What you will hear throughout this book, and anything else you read on podcasting, is that it's a "free" medium, meaning that you can pretty much do with it what you want. Do you want 5 minutes of swearing nonstop? You can do that. Three hours of reading soup can labels? You can do that too. Not a lot of people would listen, but you're free to do this.
We do not, of course, expect you to know exactly how long your podcast is going to be straight out of the gate. Your first couple podcasts are going to be experiments, and when you get comfortable, you can pinpoint your ideal length and make that your goal to work toward.
There are no time limits on podcasting. You can go as short or as long as you like, which is another yoke of traditional radio we have thrown off. We are not hindered by a schedule to fill exactly 25 minutes of airtime. If you have 2 minutes of stuff one week and 2 hours the next, it's not going to matter from a publishing perspective.
The only thing is, it does matter from an audience perspective. Your audience listens to you for a variety of reasons, and one of which is they like your content. If they like your content, they will learn to expect the same kind of content from you in the future. They will expect consistency, and when you go from one end of the spectrum to another, listeners will get annoyed.
So although you don't need to adhere to any restrictions set by an outside establishment, like radio, you still should consider how long you want your podcast to be and keep to within ±25% of that target. Planning your podcast, as mentioned previously, will help you keep on this target.
Forcing a Constrained Time
Regardless of what people think about radio and its pitfalls, there is something to be said for order. It's challenging to keep every show on the same schedule to the second, and make sure that every show is comfortable and predictable (not in plot or content, but in structure). For the same reason that people can see beauty in the constrained poetry styles of sonnets and haiku, some podcasts can shine if placed under a strict time limit.
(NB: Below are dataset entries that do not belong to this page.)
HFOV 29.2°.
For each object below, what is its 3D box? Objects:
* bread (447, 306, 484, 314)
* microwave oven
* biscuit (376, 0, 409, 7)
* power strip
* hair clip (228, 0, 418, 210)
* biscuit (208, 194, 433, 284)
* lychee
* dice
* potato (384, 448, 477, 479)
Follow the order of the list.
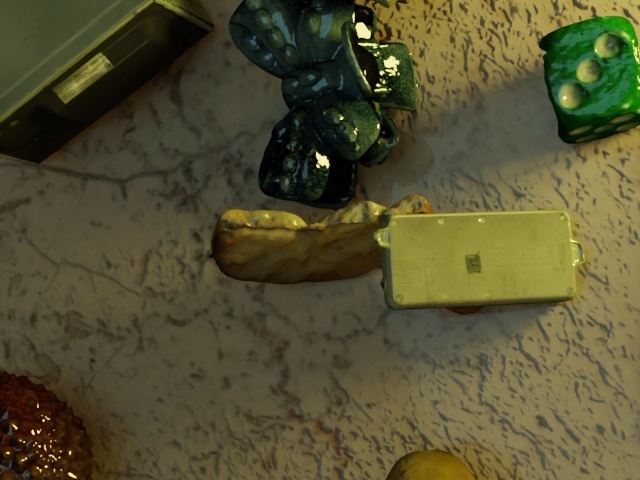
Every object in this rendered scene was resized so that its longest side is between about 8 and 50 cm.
[{"bbox_3d":[0.185,0.055,1.598,0.085,0.053,0.085,-4,80,26],"label":"bread"},{"bbox_3d":[-0.374,-0.311,1.763,0.355,0.218,0.286,-36,75,14],"label":"microwave oven"},{"bbox_3d":[0.038,-0.365,1.639,0.273,0.187,0.036,22,123,31],"label":"biscuit"},{"bbox_3d":[0.196,0.023,1.539,0.270,0.046,0.118,-2,83,-9],"label":"power strip"},{"bbox_3d":[0.007,-0.201,1.633,0.206,0.194,0.310,-17,78,29],"label":"hair clip"},{"bbox_3d":[0.002,0.002,1.626,0.299,0.154,0.045,-4,54,6],"label":"biscuit"},{"bbox_3d":[-0.431,0.309,1.695,0.267,0.267,0.268,-2,84,21],"label":"lychee"},{"bbox_3d":[0.342,-0.198,1.523,0.120,0.131,0.128,-14,79,17],"label":"dice"},{"bbox_3d":[0.138,0.390,1.504,0.229,0.229,0.266,5,76,21],"label":"potato"}]

Time limits allow you to prepare the same amount of content per week and give people something they can look forward to. Although many people like the anarchy of podcasting, there's no denying that the podcasts that stick to a time limit sound more professional than those that do not (see Figure 6.2). Whether or not this is a good thing, the listener must be the judge.
Figure 6.2. Note the consistent show lengths in this list of Slice of SciFi podcasts.
If setting a time limit seems to be right for you, try it out a couple times before adopting the limit.
Although we advocate editing your podcast, this practice may actually put a kink in your plans for keeping to a schedule. You can record for your set 30 minutes, but when you cut out the pauses, the time you had to answer the door, the "ums," and the sneezing fit you had, you may be left with 25 minutes. Rob solves this by recording long, knowing he's going to edit down, and then cutting to his desired length. Mur is a little more free with her shows, but still manages to hit her target marks within 5 or so minutes on a normal week.
There is one more reason to consider keeping your time consistent: If you have any intentions to move your show from podcast to radio, you need to keep your "half-hour" show to 26 minutes, for example. Moving your show to KYOU radio or satellite radio creates more need for dedicated attention to your length.
Before you decide how much time you think you want to fill, think about this: How much do you have to say? And how much of that is quality content?
Not every MP3 player has a screen that shows how long a file is going to go. Most listeners will likely appreciate the fact that when Dragon Page: Cover to Cover comes on, they know they will be listening to an hour-long show, rather than another podcast that they may not be able to hear the whole thing in one sitting.
Don't worry about sticking to a per-minute schedule; however, keeping an eye on the clock while you prep and record may benefit you.
Media Artist Secrets is a very popular podcast that stays below 15 minutes. It's short, sweet, full of information, and exemplifies the truism that you should always leave your audience wanting more. If the only complaint you get about your podcast is that it's too short, you're doing something right.
College professors bemoan the fact that the attention span of their students is about 45 minutes, which is why most college classes don't last longer than an hour. Although many popular podcasts are an hour or longer, most listeners you talk to will say an hour is too long.
If your audience thinks your show is just a little too short, there is little doubt they'll be back for your next program.
When it comes to really long podcasts, you need to make absolutely sure that the content is top notch and will keep your listeners entertained. As we've mentioned before, most listeners think the ideal length of a podcast is their commute time. So people who have 1-hour or longer commutes might think that a podcast that lasts 90 minutes is ideal, but the rest of the people may think it's too long.
What do they do when they decide your podcast is too long? At best, they'll get bored and stop listening to that episode, but continue to download. They may listen all the way to the end and then send you some feedback. At worst, they'll unsubscribe. There are a lot of podcasts out there, and a listener can choose to download three 20-minute-long podcasts or your hour-long podcast. Therefore, your content had better be compelling enough to keep people's attention.